Prompt – Your answer should consist of each line below that contains the string "degrees".

::: Data shown :::

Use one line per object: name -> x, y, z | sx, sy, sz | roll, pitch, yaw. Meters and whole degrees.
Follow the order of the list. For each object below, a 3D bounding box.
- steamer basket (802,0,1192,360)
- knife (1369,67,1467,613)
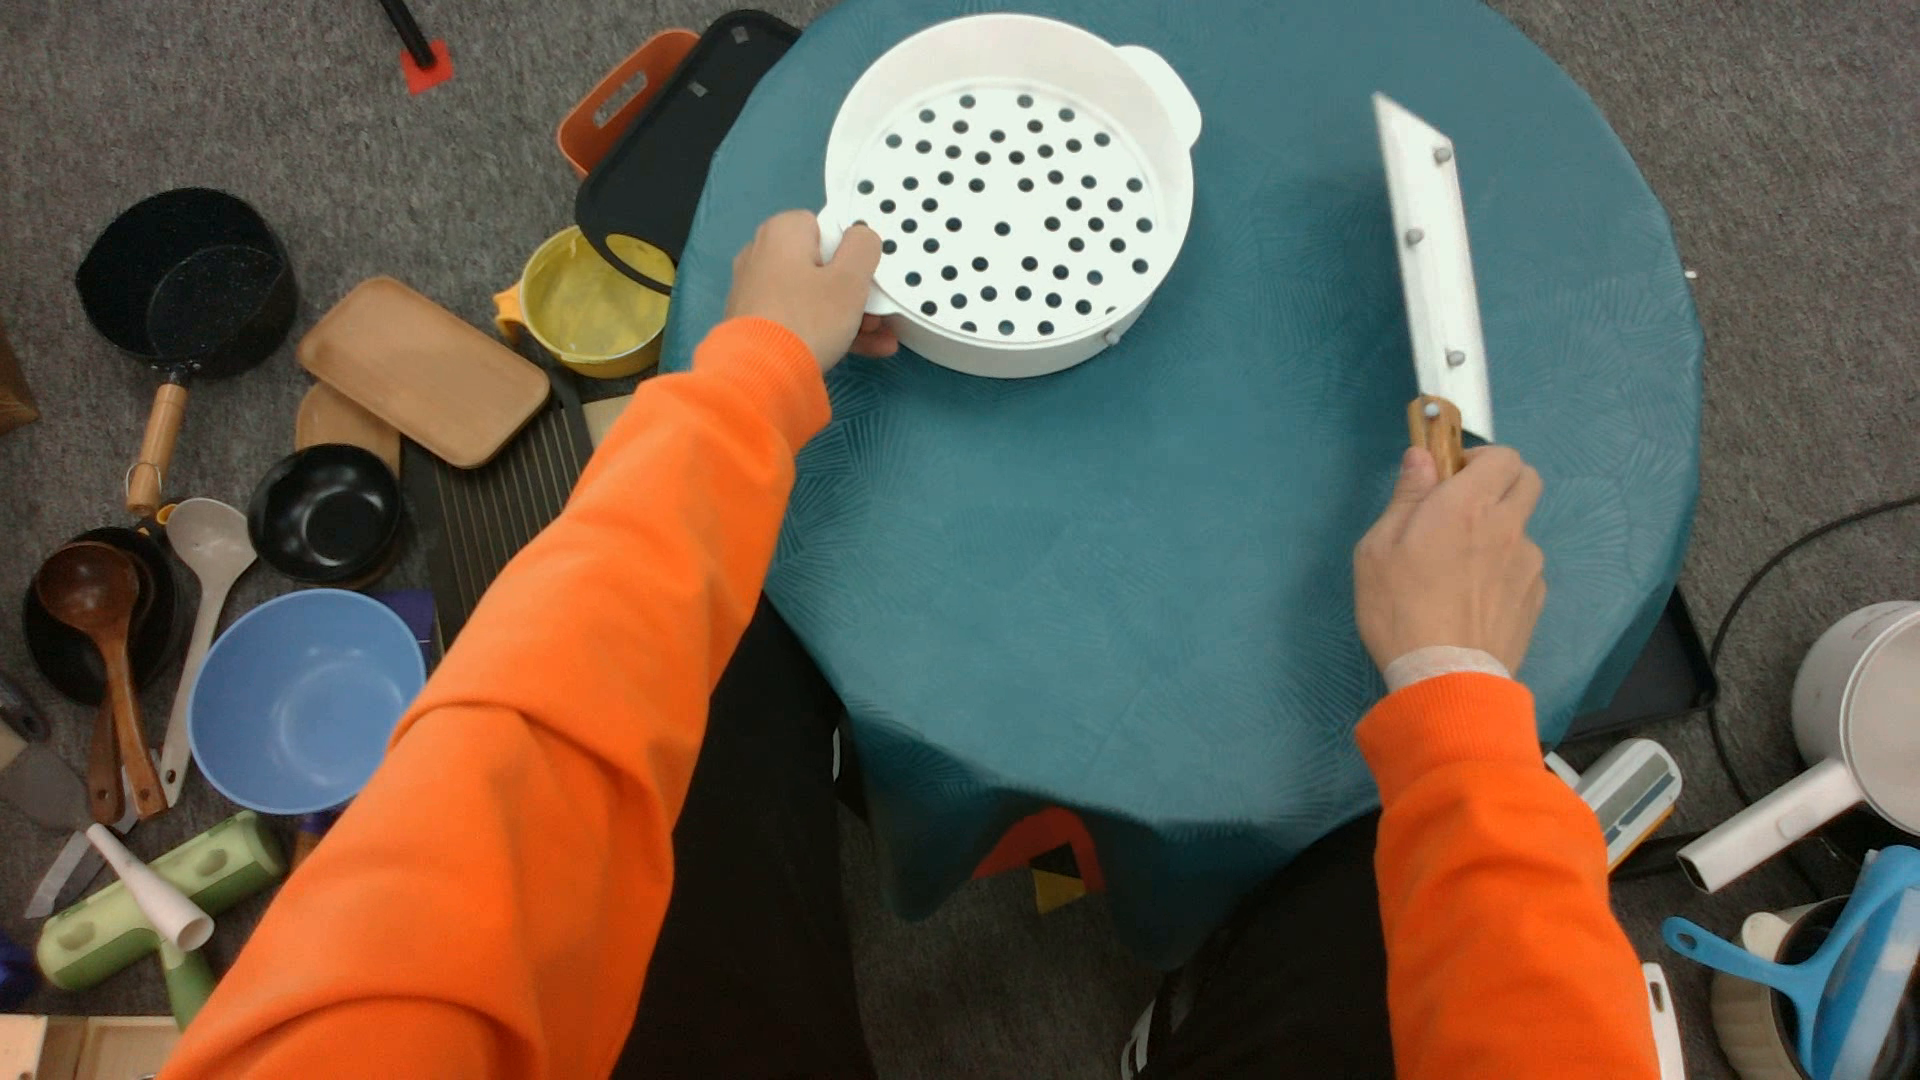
steamer basket -> 0.020, -0.201, 0.773 | 0.231, 0.069, 0.202 | -30, 81, -13
knife -> 0.255, -0.108, 0.755 | 0.021, 0.093, 0.306 | -11, 75, 35
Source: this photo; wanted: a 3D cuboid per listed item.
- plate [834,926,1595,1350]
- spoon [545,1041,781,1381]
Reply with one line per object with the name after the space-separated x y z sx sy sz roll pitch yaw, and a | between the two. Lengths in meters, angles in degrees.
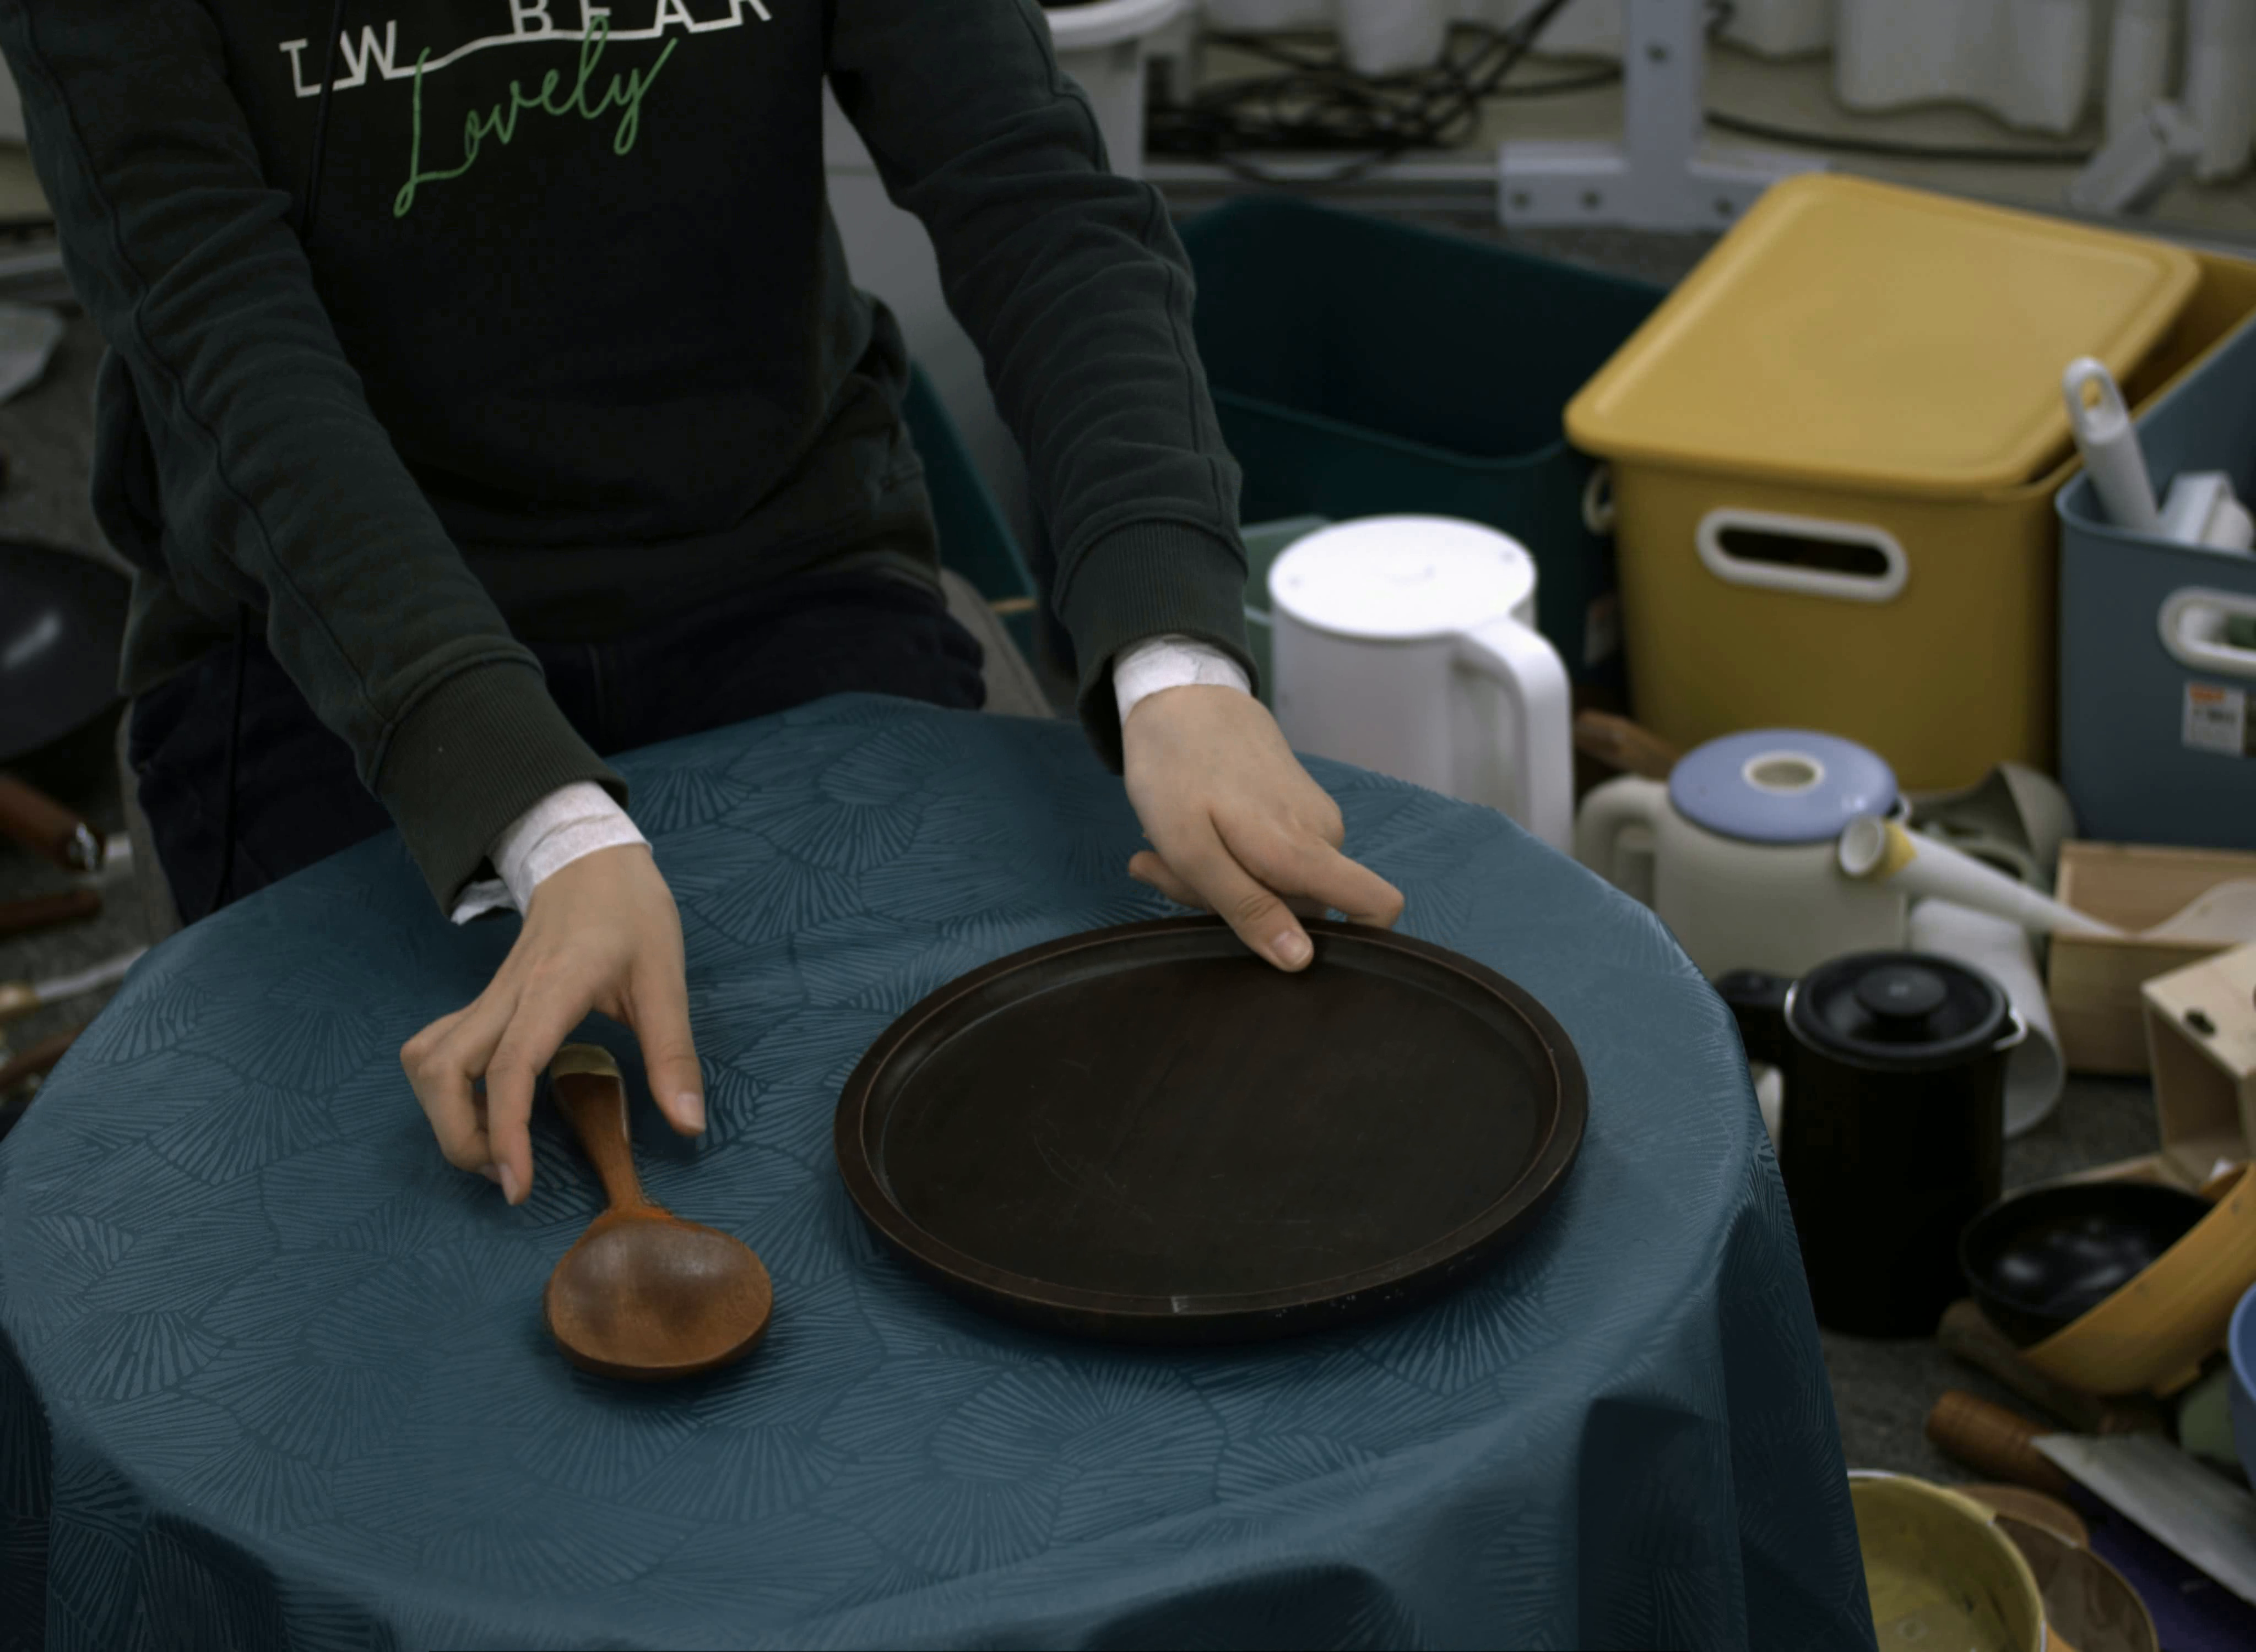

:::

Response –
Use one line per object: name -> x, y, z | sx, sy, sz | roll, pitch, yaw. Meters and whole degrees.
Reply with one line per object with the name after the space-separated x y z sx sy sz roll pitch yaw, and a | between the two. Lengths in meters, angles in degrees.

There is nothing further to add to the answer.